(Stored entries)
● ● ● ● ● ● ●
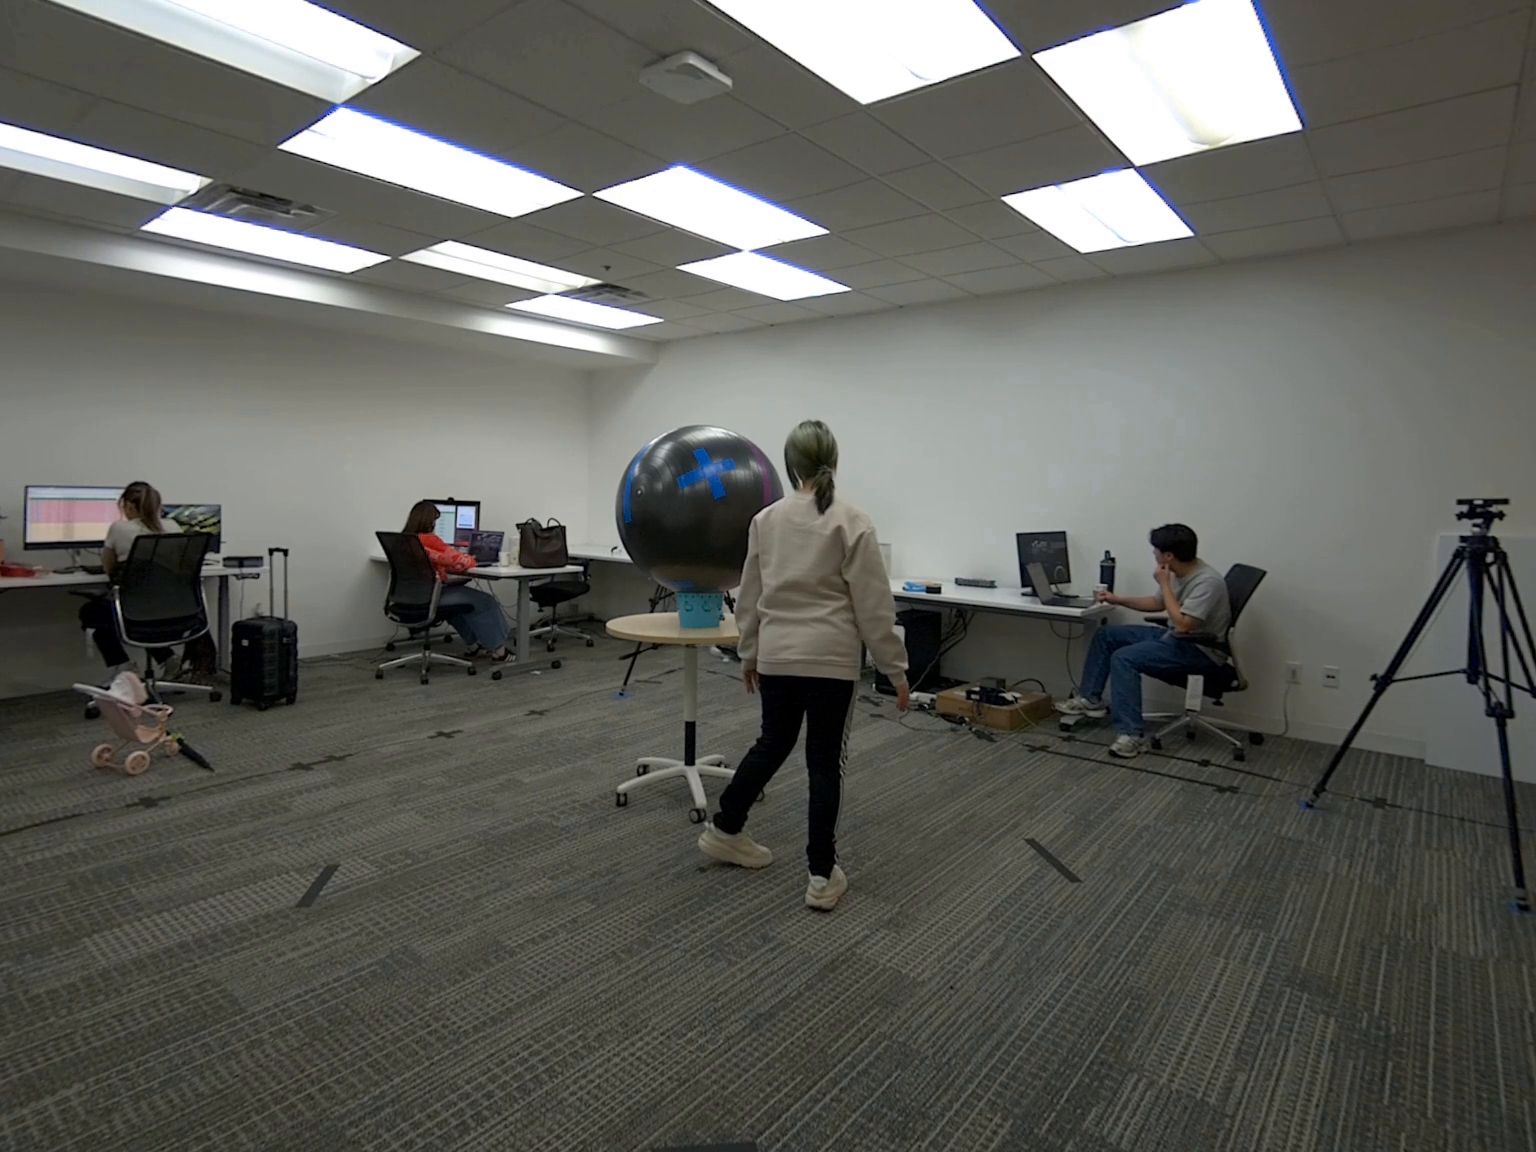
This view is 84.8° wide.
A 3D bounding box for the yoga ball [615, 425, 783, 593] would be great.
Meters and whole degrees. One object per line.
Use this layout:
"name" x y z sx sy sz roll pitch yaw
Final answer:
"yoga ball" -0.313 -0.294 3.801 0.757 0.756 0.762 1 4 -2
● ● ● ● ● ● ●
■ Activity: Only the lines from the one containing "Meters and whole" to the end of the records should be repeated, exactly as they appear.

■ Exercise answer:
Meters and whole degrees. One object per line.
Use this layout:
"name" x y z sx sy sz roll pitch yaw
Final answer:
"yoga ball" -0.313 -0.294 3.801 0.757 0.756 0.762 1 4 -2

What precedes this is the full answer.